*Exercise description:*
Pull each line holding the word "height" from the data.

*Records drawn from a dataset:*
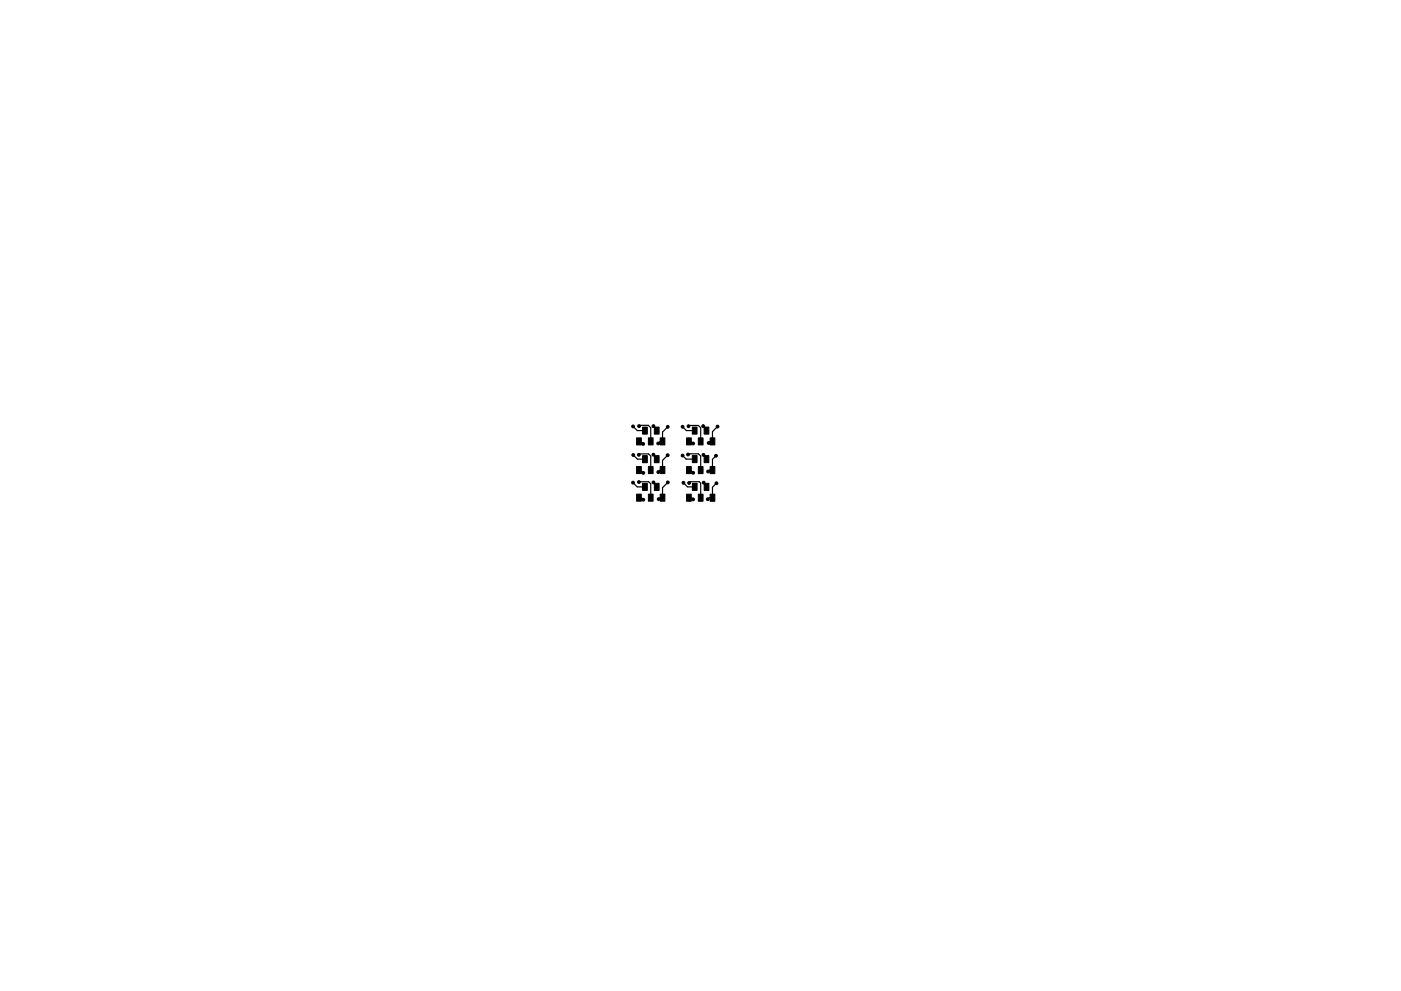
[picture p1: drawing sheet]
<svg xmlns="http://www.w3.org/2000/svg" width="297mm" height="210mm" viewBox="0 0 297 210" stroke-linecap="round" stroke-linejoin="round" font-family="sans-serif">
<g fill="#000" stroke="#000" stroke-width=".21">
<path d="M135 99h1v1.5h-1zM135 92.9h1v1.5h-1zM136.2 96.7h1v1.5h-1zM136.2 90.6h1v1.5h-1zM137.5 99h1v1.5h-1zM137.5 92.9h1v1.5h-1zM138.7 96.7h1v1.5h-1zM138.7 90.6h1v1.5h-1zM140 99h1v1.5h-1zM140 92.9h1v1.5h-1zM145.6 99h1v1.5h-1zM145.6 92.9h1v1.5h-1z"/>
<path d="M146.8 96.7h1v1.5h-1zM146.8 90.6h1v1.5h-1zM148.1 99h1v1.5h-1zM148.1 92.9h1v1.5h-1zM149.3 96.7h1v1.5h-1zM149.3 90.6h1v1.5h-1zM150.6 99h1v1.5h-1zM150.6 92.9h1v1.5h-1zM135 104.8h1v1.5h-1zM136.2 102.5h1v1.5h-1zM137.5 104.8h1v1.5h-1zM138.7 102.5h1v1.5h-1z"/>
<path d="M140 104.8h1v1.5h-1zM145.6 104.8h1v1.5h-1zM146.8 102.5h1v1.5h-1zM148.1 104.8h1v1.5h-1zM149.3 102.5h1v1.5h-1zM150.6 104.8h1v1.5h-1z"/>
<circle cx="134.2" cy="90.5" r=".3"/>
<circle cx="134.3" cy="96.5" r=".3"/>
<circle cx="135.4" cy="96.5" r=".3"/>
<circle cx="135.5" cy="90.4" r=".3"/>
<circle cx="136.4" cy="94.2" r=".3"/>
<circle cx="138.5" cy="90.4" r=".3"/>
<circle cx="138.5" cy="96.5" r=".3"/>
<circle cx="139.5" cy="94.1" r=".3"/>
<circle cx="141.6" cy="96.6" r=".3"/>
<circle cx="141.6" cy="90.6" r=".3"/>
<circle cx="144.7" cy="90.5" r=".3"/>
<circle cx="144.7" cy="96.6" r=".3"/>
<circle cx="145.9" cy="96.4" r=".3"/>
<circle cx="146" cy="90.4" r=".3"/>
<circle cx="147" cy="94.1" r=".3"/>
<circle cx="149.1" cy="90.4" r=".3"/>
<circle cx="149.2" cy="96.5" r=".3"/>
<circle cx="150.2" cy="94" r=".3"/>
<circle cx="151.8" cy="96.7" r=".3"/>
<circle cx="152.1" cy="90.5" r=".3"/>
<circle cx="134.2" cy="102.4" r=".3"/>
<circle cx="135.5" cy="102.3" r=".3"/>
<circle cx="136.4" cy="106" r=".3"/>
<circle cx="136.4" cy="100.3" r=".3"/>
<circle cx="138.5" cy="102.3" r=".3"/>
<circle cx="139.6" cy="100.2" r=".3"/>
<circle cx="139.6" cy="105.9" r=".3"/>
<circle cx="141.6" cy="102.3" r=".3"/>
<circle cx="144.9" cy="102.4" r=".3"/>
<circle cx="146.1" cy="102.5" r=".3"/>
<circle cx="147" cy="105.9" r=".3"/>
<circle cx="147" cy="100.3" r=".3"/>
<circle cx="149.2" cy="102.4" r=".3"/>
<circle cx="150.1" cy="105.9" r=".3"/>
<circle cx="150.1" cy="100" r=".3"/>
<circle cx="151.9" cy="102.5" r=".3"/>
</g>
<g fill="none" stroke="#000" stroke-width=".25">
<path d="M134.2 90.5l.9 .9h1.6M134.3 96.5l.9 .9h1.5M135.4 96.5l.2-.2h1.9l.5 .5v2.9M135.5 93.6h.3l.6 .6M135.5 99.7h.3l.6 .6M135.5 90.4l.2-.2h1.8l.5 .5v2.9M138.5 90.4l.7 .7v.3M138.5 96.5l.7 .7v.2M141.6 96.6l-1.1 1.1v2h-.5l-.4 .5M141.6 90.6l-1.1 1.1v1.9h-.5l-.5 .5M144.7 96.6l.8 .8h1.8M144.7 90.5l.8 .9h1.8"/>
<path d="M145.9 96.4l.4-.1h1.8l.5 .5v2.9M146 90.4l.1-.1h2l.5 .5v2.8M146.1 99.7h.3l.6 .6M146.1 93.6h.4l.5 .5M149.1 90.4l.7 .7v.3M149.2 96.5l.6 .7v.2M151.8 96.7l-.7 .7v2.3h-.7l-.3 .3M152.1 90.5l-1 1.1v2h-.5l-.4 .4M134.2 102.4l.9 .9h1.6M135.5 102.3l2-.1 .5 .4v3M135.5 105.6h.5l.4 .4M138.5 102.3l.7 .7v.3"/>
<path d="M141.6 102.3l-1.1 1.2v2.1h-.5l-.4 .3M144.9 102.4l.9 .9h1.5M146.1 105.6h.5l.4 .3M146.1 102.5l.3-.3h1.9l.3 .3v3.1M149.2 102.4l.6 .6v.3M151.9 102.5l-.8 .9v2.2h-.7l-.3 .3"/>
</g>
</svg>
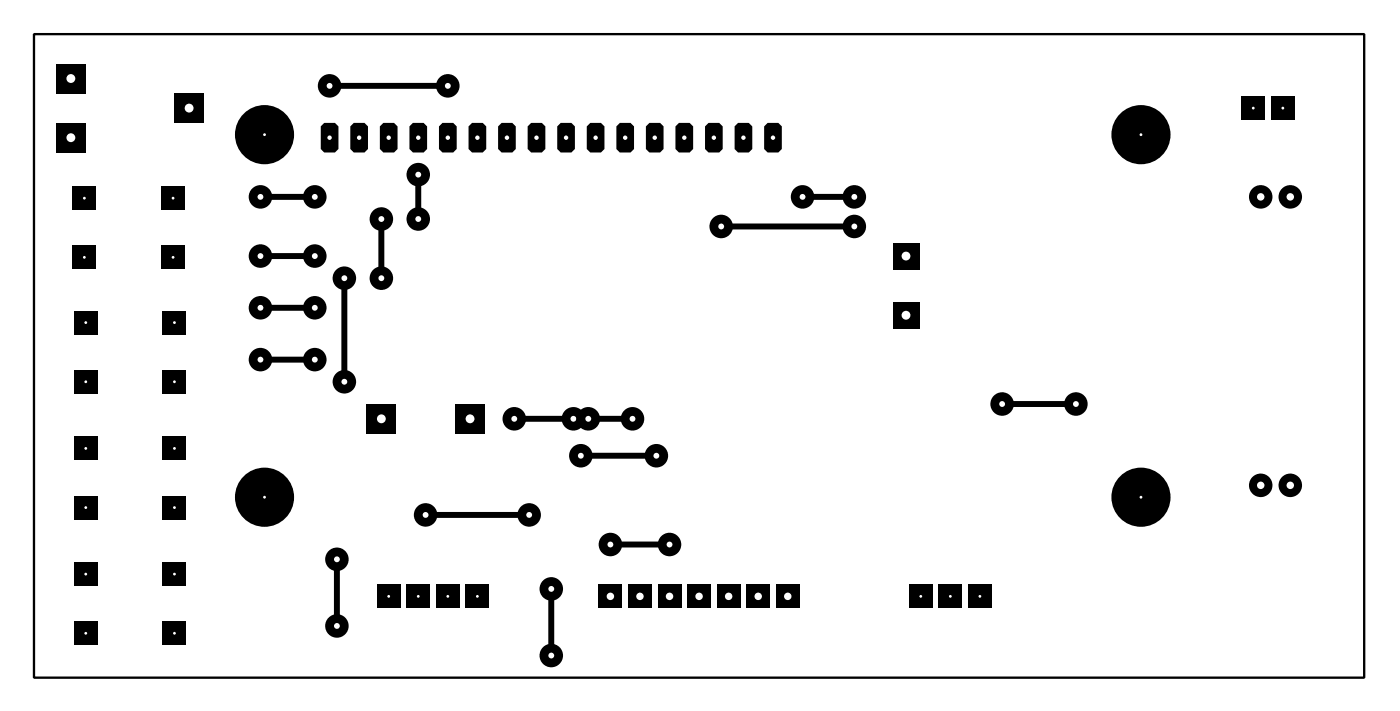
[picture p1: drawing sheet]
<svg xmlns="http://www.w3.org/2000/svg" width="120mm" height="61mm" viewBox="0 0 120 61" stroke-linecap="round" stroke-linejoin="round" font-family="sans-serif">
<g fill="none" stroke="#000" stroke-width=".51">
<path d="M22.4 16.9h4.6M28.3 7.4h10.2M32.8 18.8v5.1M35.9 15v3.8M62 19.4h11.4M69 16.9h4.4M22.4 22h4.6M22.4 26.4h4.6M22.4 30.9h4.6M29.6 23.9v8.9M44.2 35.9h10.1M49.9 39.1h6.5"/>
<path d="M86.1 34.7h6.3M28.9 48v5.7M36.6 44.2h8.9M47.4 50.5v5.8M52.4 46.7h5.1"/>
</g>
<circle cx="22.4" cy="16.9" r="1.01" fill="#000"/>
<circle cx="22.4" cy="16.9" r=".25" fill="#fff"/>
<circle cx="27" cy="16.9" r="1.01" fill="#000"/>
<circle cx="27" cy="16.9" r=".25" fill="#fff"/>
<circle cx="22.4" cy="22" r="1.01" fill="#000"/>
<circle cx="22.4" cy="22" r=".25" fill="#fff"/>
<circle cx="27" cy="22" r="1.01" fill="#000"/>
<circle cx="27" cy="22" r=".25" fill="#fff"/>
<circle cx="22.4" cy="26.4" r="1.01" fill="#000"/>
<circle cx="22.4" cy="26.4" r=".25" fill="#fff"/>
<circle cx="27" cy="26.4" r="1.01" fill="#000"/>
<circle cx="27" cy="26.4" r=".25" fill="#fff"/>
<circle cx="22.4" cy="30.9" r="1.01" fill="#000"/>
<circle cx="22.4" cy="30.9" r=".25" fill="#fff"/>
<circle cx="27" cy="30.9" r="1.01" fill="#000"/>
<circle cx="27" cy="30.9" r=".25" fill="#fff"/>
<circle cx="28.9" cy="48" r="1.01" fill="#000"/>
<circle cx="28.9" cy="48" r=".25" fill="#fff"/>
<circle cx="28.9" cy="53.7" r="1.01" fill="#000"/>
<circle cx="28.9" cy="53.7" r=".25" fill="#fff"/>
<circle cx="28.3" cy="7.4" r="1.01" fill="#000"/>
<circle cx="28.3" cy="7.4" r=".25" fill="#fff"/>
<circle cx="38.5" cy="7.4" r="1.01" fill="#000"/>
<circle cx="38.5" cy="7.4" r=".25" fill="#fff"/>
<circle cx="69" cy="16.9" r="1.01" fill="#000"/>
<circle cx="69" cy="16.9" r=".25" fill="#fff"/>
<circle cx="73.4" cy="16.9" r="1.01" fill="#000"/>
<circle cx="73.4" cy="16.9" r=".25" fill="#fff"/>
<circle cx="62" cy="19.4" r="1.01" fill="#000"/>
<circle cx="62" cy="19.4" r=".25" fill="#fff"/>
<circle cx="73.4" cy="19.4" r="1.01" fill="#000"/>
<circle cx="73.4" cy="19.4" r=".25" fill="#fff"/>
<circle cx="86.1" cy="34.7" r="1.01" fill="#000"/>
<circle cx="86.1" cy="34.7" r=".25" fill="#fff"/>
<circle cx="92.4" cy="34.7" r="1.01" fill="#000"/>
<circle cx="92.5" cy="34.7" r=".25" fill="#fff"/>
<circle cx="35.9" cy="15" r="1.01" fill="#000"/>
<circle cx="35.9" cy="15" r=".25" fill="#fff"/>
<circle cx="35.9" cy="18.8" r="1.01" fill="#000"/>
<circle cx="35.9" cy="18.8" r=".25" fill="#fff"/>
<circle cx="32.8" cy="18.8" r="1.01" fill="#000"/>
<circle cx="32.8" cy="18.8" r=".25" fill="#fff"/>
<circle cx="32.8" cy="23.9" r="1.01" fill="#000"/>
<circle cx="32.8" cy="23.9" r=".25" fill="#fff"/>
<circle cx="29.6" cy="23.9" r="1.01" fill="#000"/>
<circle cx="29.6" cy="23.9" r=".25" fill="#fff"/>
<circle cx="29.6" cy="32.8" r="1.01" fill="#000"/>
<circle cx="29.6" cy="32.8" r=".25" fill="#fff"/>
<circle cx="36.6" cy="44.2" r="1.01" fill="#000"/>
<circle cx="36.6" cy="44.2" r=".25" fill="#fff"/>
<circle cx="45.5" cy="44.2" r="1.01" fill="#000"/>
<circle cx="45.5" cy="44.2" r=".25" fill="#fff"/>
<circle cx="49.9" cy="39.1" r="1.01" fill="#000"/>
<circle cx="49.9" cy="39.1" r=".25" fill="#fff"/>
<circle cx="56.4" cy="39.1" r="1.01" fill="#000"/>
<circle cx="56.4" cy="39.1" r=".25" fill="#fff"/>
<circle cx="44.2" cy="36" r="1.01" fill="#000"/>
<circle cx="44.2" cy="35.9" r=".25" fill="#fff"/>
<circle cx="54.3" cy="36" r="1.01" fill="#000"/>
<circle cx="54.3" cy="35.9" r=".25" fill="#fff"/>
<circle cx="49.3" cy="36" r="1.01" fill="#000"/>
<circle cx="49.3" cy="35.9" r=".25" fill="#fff"/>
<circle cx="50.5" cy="36" r="1.01" fill="#000"/>
<circle cx="50.5" cy="35.9" r=".25" fill="#fff"/>
<circle cx="47.4" cy="56.3" r="1.01" fill="#000"/>
<circle cx="47.4" cy="56.3" r=".25" fill="#fff"/>
<circle cx="47.4" cy="50.6" r="1.01" fill="#000"/>
<circle cx="47.4" cy="50.5" r=".25" fill="#fff"/>
<circle cx="57.5" cy="46.7" r="1.01" fill="#000"/>
<circle cx="57.5" cy="46.7" r=".25" fill="#fff"/>
<circle cx="52.4" cy="46.7" r="1.01" fill="#000"/>
<circle cx="52.4" cy="46.7" r=".25" fill="#fff"/>
<path d="M27.9 10.5h.9l.3 .3v2l-.3 .3h-.9l-.3-.3v-2z" fill-rule="evenodd" fill="#000"/>
<circle cx="28.3" cy="11.8" r=".19" fill="#fff"/>
<path d="M30.4 10.5h.9l.3 .3v2l-.3 .3h-.9l-.3-.3v-2z" fill-rule="evenodd" fill="#000"/>
<circle cx="30.9" cy="11.8" r=".19" fill="#fff"/>
<path d="M32.9 10.5h1l.3 .3v2l-.3 .3h-1l-.3-.3v-2z" fill-rule="evenodd" fill="#000"/>
<circle cx="33.4" cy="11.8" r=".19" fill="#fff"/>
<path d="M35.5 10.5h.9l.3 .3v2l-.3 .3h-.9l-.3-.3v-2z" fill-rule="evenodd" fill="#000"/>
<circle cx="35.9" cy="11.8" r=".19" fill="#fff"/>
<path d="M38 10.5h.9l.3 .3v2l-.3 .3h-.9l-.3-.3v-2z" fill-rule="evenodd" fill="#000"/>
<circle cx="38.5" cy="11.8" r=".19" fill="#fff"/>
<path d="M40.6 10.5h.9l.3 .3v2l-.3 .3h-.9l-.3-.3v-2z" fill-rule="evenodd" fill="#000"/>
<circle cx="41" cy="11.8" r=".19" fill="#fff"/>
<path d="M43.1 10.5h.9l.3 .3v2l-.3 .3h-.9l-.3-.3v-2z" fill-rule="evenodd" fill="#000"/>
<circle cx="43.6" cy="11.8" r=".19" fill="#fff"/>
<path d="M45.6 10.5h1l.3 .3v2l-.3 .3h-1l-.3-.3v-2z" fill-rule="evenodd" fill="#000"/>
<circle cx="46.1" cy="11.8" r=".19" fill="#fff"/>
<path d="M48.2 10.5h.9l.3 .3v2l-.3 .3h-.9l-.3-.3v-2z" fill-rule="evenodd" fill="#000"/>
<circle cx="48.6" cy="11.8" r=".19" fill="#fff"/>
<path d="M50.7 10.5h.9l.3 .3v2l-.3 .3h-.9l-.3-.3v-2z" fill-rule="evenodd" fill="#000"/>
<circle cx="51.2" cy="11.8" r=".19" fill="#fff"/>
<path d="M53.3 10.5h.9l.3 .3v2l-.3 .3h-.9l-.3-.3v-2z" fill-rule="evenodd" fill="#000"/>
<circle cx="53.7" cy="11.8" r=".19" fill="#fff"/>
<path d="M55.8 10.5h.9l.3 .3v2l-.3 .3h-.9l-.3-.3v-2z" fill-rule="evenodd" fill="#000"/>
<circle cx="56.3" cy="11.8" r=".19" fill="#fff"/>
<path d="M58.3 10.5h1l.3 .3v2l-.3 .3h-1l-.3-.3v-2z" fill-rule="evenodd" fill="#000"/>
<circle cx="58.8" cy="11.8" r=".19" fill="#fff"/>
<path d="M60.9 10.5h.9l.3 .3v2l-.3 .3h-.9l-.3-.3v-2z" fill-rule="evenodd" fill="#000"/>
<circle cx="61.3" cy="11.8" r=".19" fill="#fff"/>
<path d="M63.4 10.5h.9l.3 .3v2l-.3 .3h-.9l-.3-.3v-2z" fill-rule="evenodd" fill="#000"/>
<circle cx="63.9" cy="11.8" r=".19" fill="#fff"/>
<path d="M66 10.5h.9l.3 .3v2l-.3 .3h-.9l-.3-.3v-2z" fill-rule="evenodd" fill="#000"/>
<circle cx="66.4" cy="11.8" r=".19" fill="#fff"/>
<circle cx="22.7" cy="11.6" r="2.54" fill="#000"/>
<circle cx="22.7" cy="11.6" r=".12" fill="#fff"/>
<circle cx="98" cy="11.6" r="2.54" fill="#000"/>
<circle cx="98" cy="11.6" r=".12" fill="#fff"/>
<circle cx="22.7" cy="42.7" r="2.54" fill="#000"/>
<circle cx="22.7" cy="42.7" r=".12" fill="#fff"/>
<circle cx="98" cy="42.7" r="2.54" fill="#000"/>
<circle cx="98" cy="42.7" r=".12" fill="#fff"/>
<path d="M106.7 8.3h2v2h-2z" fill="#000"/>
<circle cx="107.7" cy="9.3" r=".12" fill="#fff"/>
<path d="M109.2 8.3h2v2h-2z" fill="#000"/>
<circle cx="110.2" cy="9.3" r=".12" fill="#fff"/>
<circle cx="110.9" cy="16.9" r="1.01" fill="#000"/>
<circle cx="110.9" cy="16.9" r=".32" fill="#fff"/>
<circle cx="108.3" cy="16.9" r="1.01" fill="#000"/>
<circle cx="108.3" cy="16.9" r=".32" fill="#fff"/>
<circle cx="110.9" cy="41.7" r="1.01" fill="#000"/>
<circle cx="110.9" cy="41.7" r=".32" fill="#fff"/>
<circle cx="108.3" cy="41.7" r="1.01" fill="#000"/>
<circle cx="108.3" cy="41.7" r=".32" fill="#fff"/>
<path d="M6.2 16h2.1v2h-2.1z" fill="#000"/>
<circle cx="7.2" cy="17" r=".12" fill="#fff"/>
<path d="M13.9 16h2v2h-2z" fill="#000"/>
<circle cx="14.9" cy="17" r=".12" fill="#fff"/>
<path d="M6.2 21.1h2.1v2h-2.1z" fill="#000"/>
<circle cx="7.2" cy="22.1" r=".12" fill="#fff"/>
<path d="M13.9 21.1h2v2h-2z" fill="#000"/>
<circle cx="14.9" cy="22.1" r=".12" fill="#fff"/>
<path d="M6.4 26.7h2v2h-2z" fill="#000"/>
<circle cx="7.4" cy="27.7" r=".12" fill="#fff"/>
<path d="M14 26.7h2v2h-2z" fill="#000"/>
<circle cx="15" cy="27.7" r=".12" fill="#fff"/>
<path d="M6.4 31.8h2v2h-2z" fill="#000"/>
<circle cx="7.4" cy="32.8" r=".12" fill="#fff"/>
<path d="M14 31.8h2v2h-2z" fill="#000"/>
<circle cx="15" cy="32.8" r=".12" fill="#fff"/>
<path d="M6.4 37.5h2v2h-2z" fill="#000"/>
<circle cx="7.4" cy="38.5" r=".12" fill="#fff"/>
<path d="M14 37.5h2v2h-2z" fill="#000"/>
<circle cx="15" cy="38.5" r=".12" fill="#fff"/>
<path d="M6.4 42.6h2v2h-2z" fill="#000"/>
<circle cx="7.4" cy="43.6" r=".12" fill="#fff"/>
<path d="M14 42.6h2v2h-2z" fill="#000"/>
<circle cx="15" cy="43.6" r=".12" fill="#fff"/>
<path d="M6.4 48.3h2v2h-2z" fill="#000"/>
<circle cx="7.4" cy="49.3" r=".12" fill="#fff"/>
<path d="M14 48.3h2v2h-2z" fill="#000"/>
<circle cx="15" cy="49.3" r=".12" fill="#fff"/>
<path d="M6.4 53.3h2v2.1h-2z" fill="#000"/>
<circle cx="7.4" cy="54.4" r=".12" fill="#fff"/>
<path d="M14 53.3h2v2.1h-2z" fill="#000"/>
<circle cx="15" cy="54.4" r=".12" fill="#fff"/>
<path d="M66.7 50.2h2v2h-2z" fill="#000"/>
<circle cx="67.7" cy="51.2" r=".32" fill="#fff"/>
<path d="M64.1 50.2h2.1v2h-2.1z" fill="#000"/>
<circle cx="65.1" cy="51.2" r=".32" fill="#fff"/>
<path d="M61.6 50.2h2v2h-2z" fill="#000"/>
<circle cx="62.6" cy="51.2" r=".32" fill="#fff"/>
<path d="M59.1 50.2h2v2h-2z" fill="#000"/>
<circle cx="60.1" cy="51.2" r=".32" fill="#fff"/>
<path d="M56.5 50.2h2v2h-2z" fill="#000"/>
<circle cx="57.5" cy="51.2" r=".32" fill="#fff"/>
<path d="M54 50.2h2v2h-2z" fill="#000"/>
<circle cx="55" cy="51.2" r=".32" fill="#fff"/>
<path d="M51.4 50.2h2.1v2h-2.1z" fill="#000"/>
<circle cx="52.4" cy="51.2" r=".32" fill="#fff"/>
<path d="M40 50.2h2v2h-2z" fill="#000"/>
<circle cx="41" cy="51.2" r=".12" fill="#fff"/>
<path d="M37.5 50.2h2v2h-2z" fill="#000"/>
<circle cx="38.5" cy="51.2" r=".12" fill="#fff"/>
<path d="M34.9 50.2h2v2h-2z" fill="#000"/>
<circle cx="35.9" cy="51.2" r=".12" fill="#fff"/>
<path d="M32.4 50.2h2v2h-2z" fill="#000"/>
<circle cx="33.4" cy="51.2" r=".12" fill="#fff"/>
<path d="M78.1 50.2h2v2h-2z" fill="#000"/>
<circle cx="79.1" cy="51.2" r=".12" fill="#fff"/>
<path d="M80.6 50.2h2.1v2h-2.1z" fill="#000"/>
<circle cx="81.7" cy="51.2" r=".12" fill="#fff"/>
<path d="M83.2 50.2h2v2h-2z" fill="#000"/>
<circle cx="84.2" cy="51.2" r=".12" fill="#fff"/>
<path d="M76.7 20.8h2.3v2.3h-2.3z" fill="#000"/>
<circle cx="77.8" cy="22" r=".38" fill="#fff"/>
<path d="M76.7 25.9h2.3v2.3h-2.3z" fill="#000"/>
<circle cx="77.8" cy="27.1" r=".38" fill="#fff"/>
<path d="M4.8 5.5h2.6v2.5h-2.6z" fill="#000"/>
<circle cx="6.1" cy="6.7" r=".38" fill="#fff"/>
<path d="M4.8 10.5h2.6v2.6h-2.6z" fill="#000"/>
<circle cx="6.1" cy="11.8" r=".38" fill="#fff"/>
<path d="M15 8h2.5v2.5h-2.5z" fill="#000"/>
<circle cx="16.2" cy="9.3" r=".38" fill="#fff"/>
<path d="M31.5 34.7h2.5v2.5h-2.5z" fill="#000"/>
<circle cx="32.8" cy="35.9" r=".38" fill="#fff"/>
<path d="M39.1 34.7h2.6v2.5h-2.6z" fill="#000"/>
<circle cx="40.4" cy="35.9" r=".38" fill="#fff"/>
<path d="M2.9 2.9h114.3v55.3h-114.3z" fill="none" stroke="#000" stroke-width=".2"/>
</svg>

*Task response:*
<svg xmlns="http://www.w3.org/2000/svg" width="297mm" height="210mm" viewBox="0 0 297 210" stroke-linecap="round" stroke-linejoin="round" font-family="sans-serif">
<svg xmlns="http://www.w3.org/2000/svg" width="120mm" height="61mm" viewBox="0 0 120 61" stroke-linecap="round" stroke-linejoin="round" font-family="sans-serif">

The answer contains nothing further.